**Exercise prompt**:
Copy out the data exactly, leaving the pictures behind.

**Listed records**:
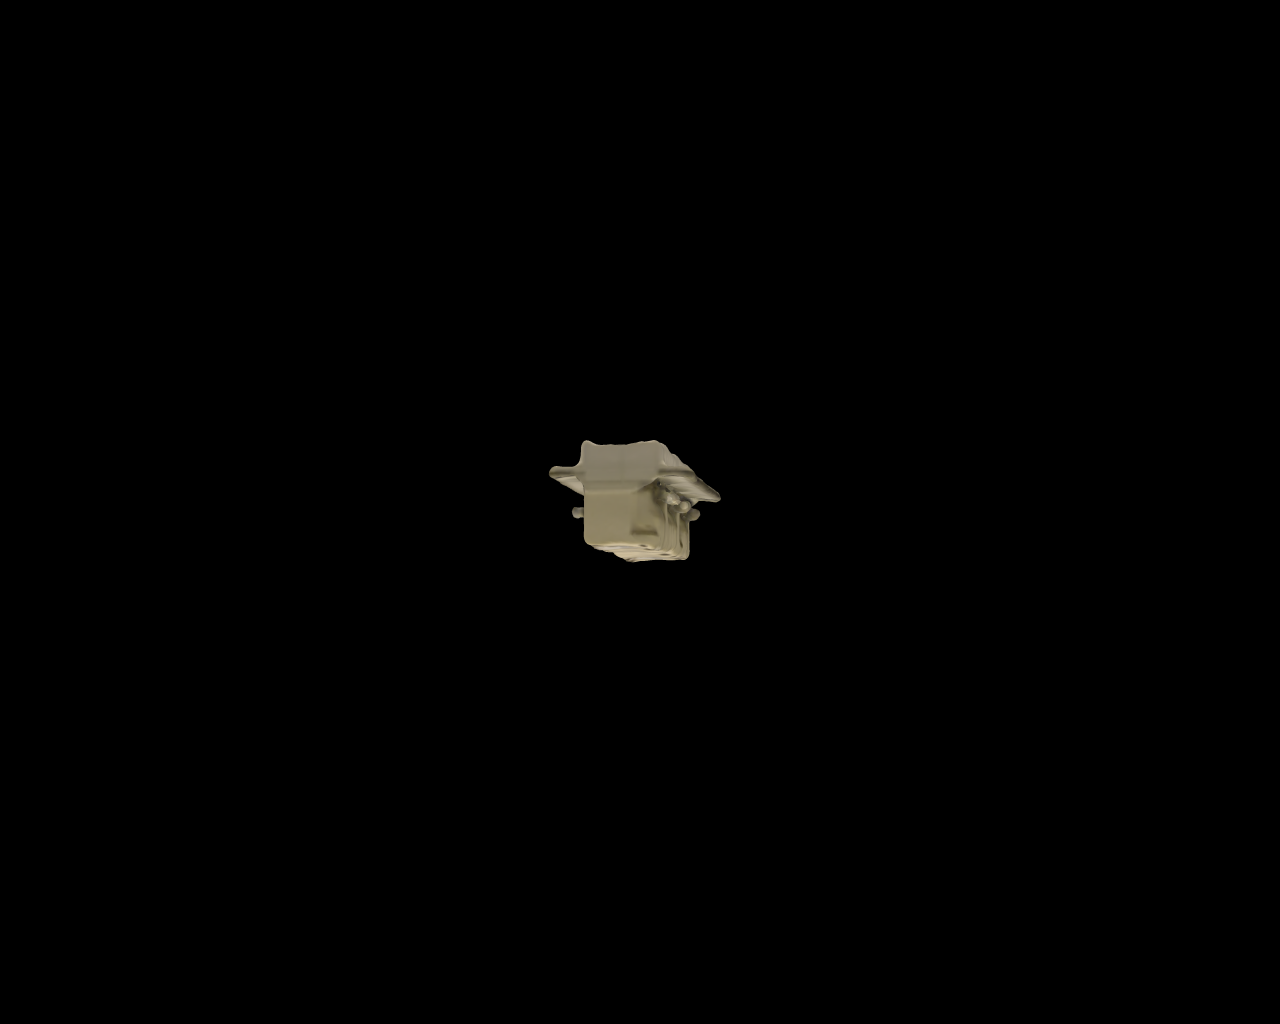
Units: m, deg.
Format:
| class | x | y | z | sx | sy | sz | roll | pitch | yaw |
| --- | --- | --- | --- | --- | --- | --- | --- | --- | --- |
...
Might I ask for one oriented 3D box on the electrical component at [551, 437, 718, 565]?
| class | x | y | z | sx | sy | sz | roll | pitch | yaw |
| --- | --- | --- | --- | --- | --- | --- | --- | --- | --- |
| electrical component | 0.001 | -0.003 | 0.650 | 0.079 | 0.063 | 0.121 | -1 | -7 | 11 |
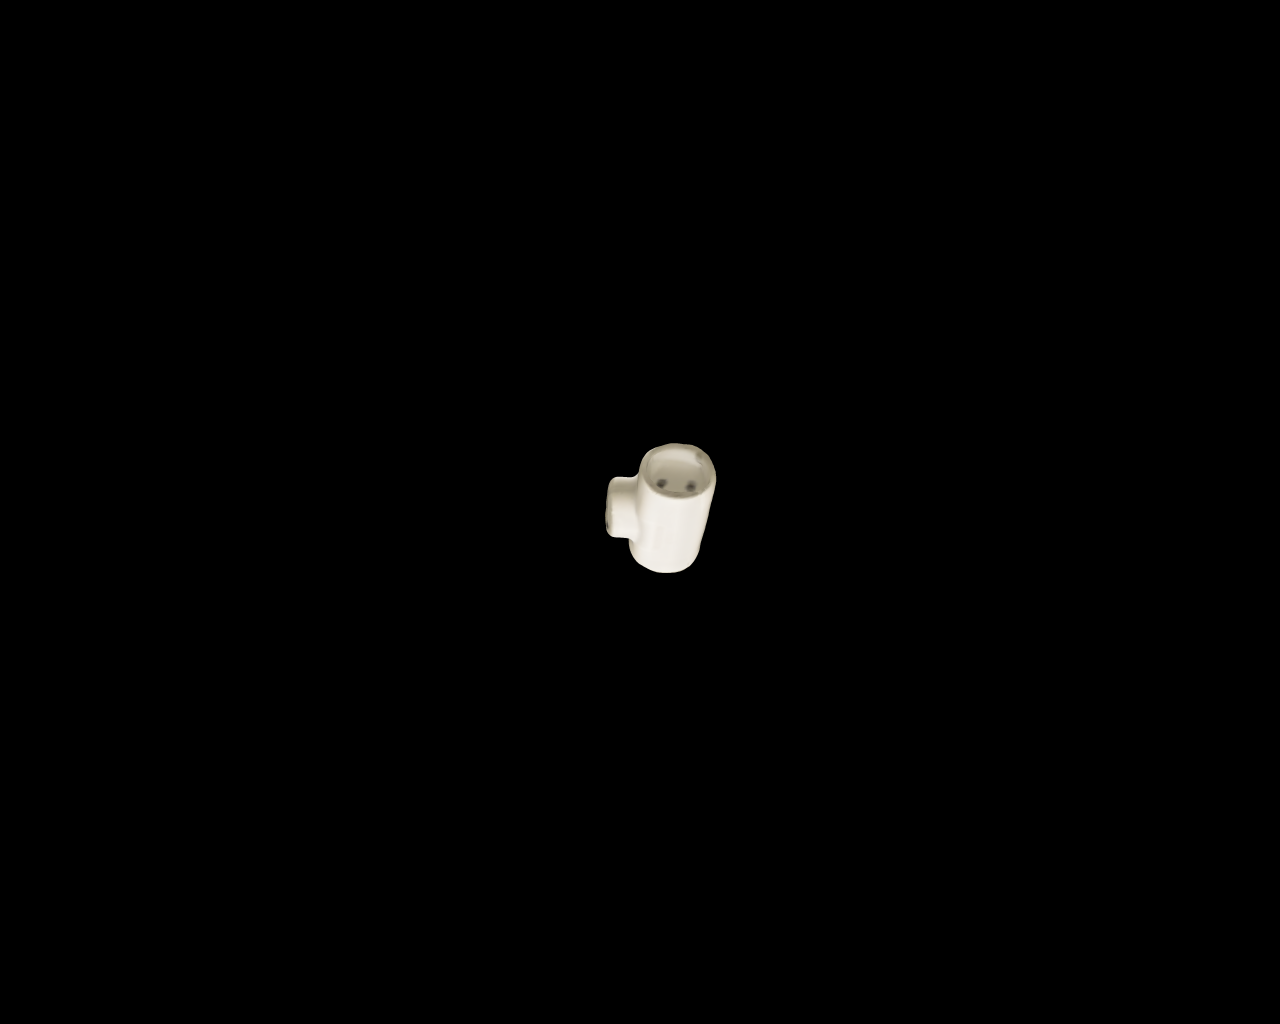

**Task solution**:
Units: m, deg.
Format:
| class | x | y | z | sx | sy | sz | roll | pitch | yaw |
| --- | --- | --- | --- | --- | --- | --- | --- | --- | --- |
...
Might I ask for one oriented 3D box on the electrical component at [551, 437, 718, 565]?
| class | x | y | z | sx | sy | sz | roll | pitch | yaw |
| --- | --- | --- | --- | --- | --- | --- | --- | --- | --- |
| electrical component | 0.001 | -0.003 | 0.650 | 0.079 | 0.063 | 0.121 | -1 | -7 | 11 |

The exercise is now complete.